Author Archives: Rusty Rueff

About Rusty Rueff

Rusty Rueff, author of purposed worKING. Rusty Rueff is the former Chairman Emeritus of The GRAMMY Foundation in Los Angeles. He most recently completed the successful 16 month leadership role as Coordinating National Co-Chair for Technology for Obama (T4O) for the reelection of President Obama and ten-years of Board service and President of the Board of Trustees of the American Conservatory Theater in San Francisco. Corporately, most recently Rueff was the Chief Executive Officer at SNOCAP, Inc. until the acquisition of the company by imeem, Inc. in April 2008. Before joining SNOCAP in 2005, he was Executive Vice President of Human Resources at Electronic Arts (EA) from 1998 until 2005. He was also with the PepsiCo companies for more than ten years, with the Pratt & Whitney division of United Technologies for two years, and in commercial radio as an on-air personality for six years. Rusty holds an M.S. in counseling and a B.A. in radio and television from Purdue University. In 2003 he was named a distinguished Purdue alumnus, and he and his wife, Patti, are the named benefactors of Purdue’s Patti and Rusty Rueff School of Visual and Performing Arts. He is a corporate director of Glassdoor.com and runcoach. He is the co-founder and Executive Committee Member of T4A.org, serves on the Founding Circle of The Centrist Project and a founding Board Member of The GRAMMY Music Education Coalition. He is also the co-author of the book Talent Force: A New Manifesto for the Human Side of Business. Rusty and his wife, Patti, reside in Hillsborough, CA and Charlestown, R.I.

day 2567: Reset

“Learn to do good. Seek justice. Help the oppressed. Defend the cause of orphans. Fight for the rights of widows.”

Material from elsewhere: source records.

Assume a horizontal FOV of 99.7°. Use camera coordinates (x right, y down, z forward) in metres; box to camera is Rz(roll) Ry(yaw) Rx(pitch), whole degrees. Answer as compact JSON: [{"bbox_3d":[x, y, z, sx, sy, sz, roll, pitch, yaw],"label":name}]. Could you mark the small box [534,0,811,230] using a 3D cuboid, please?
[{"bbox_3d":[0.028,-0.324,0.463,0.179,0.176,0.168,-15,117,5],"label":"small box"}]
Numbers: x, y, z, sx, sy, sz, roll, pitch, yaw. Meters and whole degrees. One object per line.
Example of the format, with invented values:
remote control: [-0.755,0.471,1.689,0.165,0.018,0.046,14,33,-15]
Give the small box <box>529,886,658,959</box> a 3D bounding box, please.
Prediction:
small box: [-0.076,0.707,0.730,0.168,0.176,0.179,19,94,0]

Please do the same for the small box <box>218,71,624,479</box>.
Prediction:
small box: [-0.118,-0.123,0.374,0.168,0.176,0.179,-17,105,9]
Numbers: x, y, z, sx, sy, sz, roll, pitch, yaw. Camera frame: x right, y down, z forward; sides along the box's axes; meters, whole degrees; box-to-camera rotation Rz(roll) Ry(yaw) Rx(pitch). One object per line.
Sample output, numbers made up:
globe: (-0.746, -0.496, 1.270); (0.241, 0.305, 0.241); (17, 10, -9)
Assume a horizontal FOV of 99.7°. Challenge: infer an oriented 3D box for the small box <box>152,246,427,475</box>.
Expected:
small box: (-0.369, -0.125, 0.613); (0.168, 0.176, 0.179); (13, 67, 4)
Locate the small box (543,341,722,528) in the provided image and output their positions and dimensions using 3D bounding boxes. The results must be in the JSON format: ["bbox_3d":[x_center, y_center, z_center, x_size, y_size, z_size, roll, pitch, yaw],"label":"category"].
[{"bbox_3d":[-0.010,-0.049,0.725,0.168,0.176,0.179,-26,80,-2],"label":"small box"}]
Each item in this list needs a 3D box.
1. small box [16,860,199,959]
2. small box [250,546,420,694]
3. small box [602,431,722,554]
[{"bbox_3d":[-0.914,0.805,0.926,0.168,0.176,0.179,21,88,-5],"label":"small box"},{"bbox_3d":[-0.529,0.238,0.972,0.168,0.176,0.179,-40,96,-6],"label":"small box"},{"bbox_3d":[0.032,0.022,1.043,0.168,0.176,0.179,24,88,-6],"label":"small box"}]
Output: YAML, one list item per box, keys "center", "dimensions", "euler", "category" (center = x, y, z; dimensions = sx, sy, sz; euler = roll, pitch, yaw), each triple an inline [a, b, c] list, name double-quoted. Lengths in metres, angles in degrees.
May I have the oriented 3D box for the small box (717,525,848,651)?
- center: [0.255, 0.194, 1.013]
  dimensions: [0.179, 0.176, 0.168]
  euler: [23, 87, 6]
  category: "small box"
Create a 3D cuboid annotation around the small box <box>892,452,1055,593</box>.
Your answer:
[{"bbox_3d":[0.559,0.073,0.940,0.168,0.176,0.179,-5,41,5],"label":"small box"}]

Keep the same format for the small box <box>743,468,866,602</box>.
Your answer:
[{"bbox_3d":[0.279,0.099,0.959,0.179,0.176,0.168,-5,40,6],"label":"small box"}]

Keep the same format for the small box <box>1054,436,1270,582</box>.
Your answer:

it’s early into the calendar/fiscal year and the expectation is that we have already written down our annual goals and resolutions and are working towards them with all that we can muster.  Bad news.  Only less than 20% of people actually set goals that they write down.  Good news.  Nearly 80% of the people who write down their goals achieve them.  So, there is no reason whatsoever to not have written goals to direct our time, energy and resources.  If we don’t know what we want to achieve, we achieve nothing.  I’d hope that we have a boss who is asking us for our goals and objectives to keep the organization on track, but that’s no guarantee so we just need to do it ourselves, now, and stick with them day by day, week by week, month by month, until the year is through. To not do so is to waste what we could be accomplishing.  Let’s reset this today.

I have found that I (and many with whom I speak and know) get bogged down with the goals that we should set for ourselves in our personal and spiritual lives because we get overwhelmed with so much that God tells us is important and where we should focus to become closer to Him and to practice our faith in our deeds. When in doubt, when can always fall back on the great commandments; Love God and Love Others.  That always works, but we may be looking to be more intentional. I was struck by a simple verse in Isaiah that caused me to pause and reevaluate my own goals.  A good reset for all of us could start with, “Learn to do good”.  We could build a year’s worth of goals around what, through God, could we learn, so that we could do good for others because of Him? That’s a reset I am pursuing!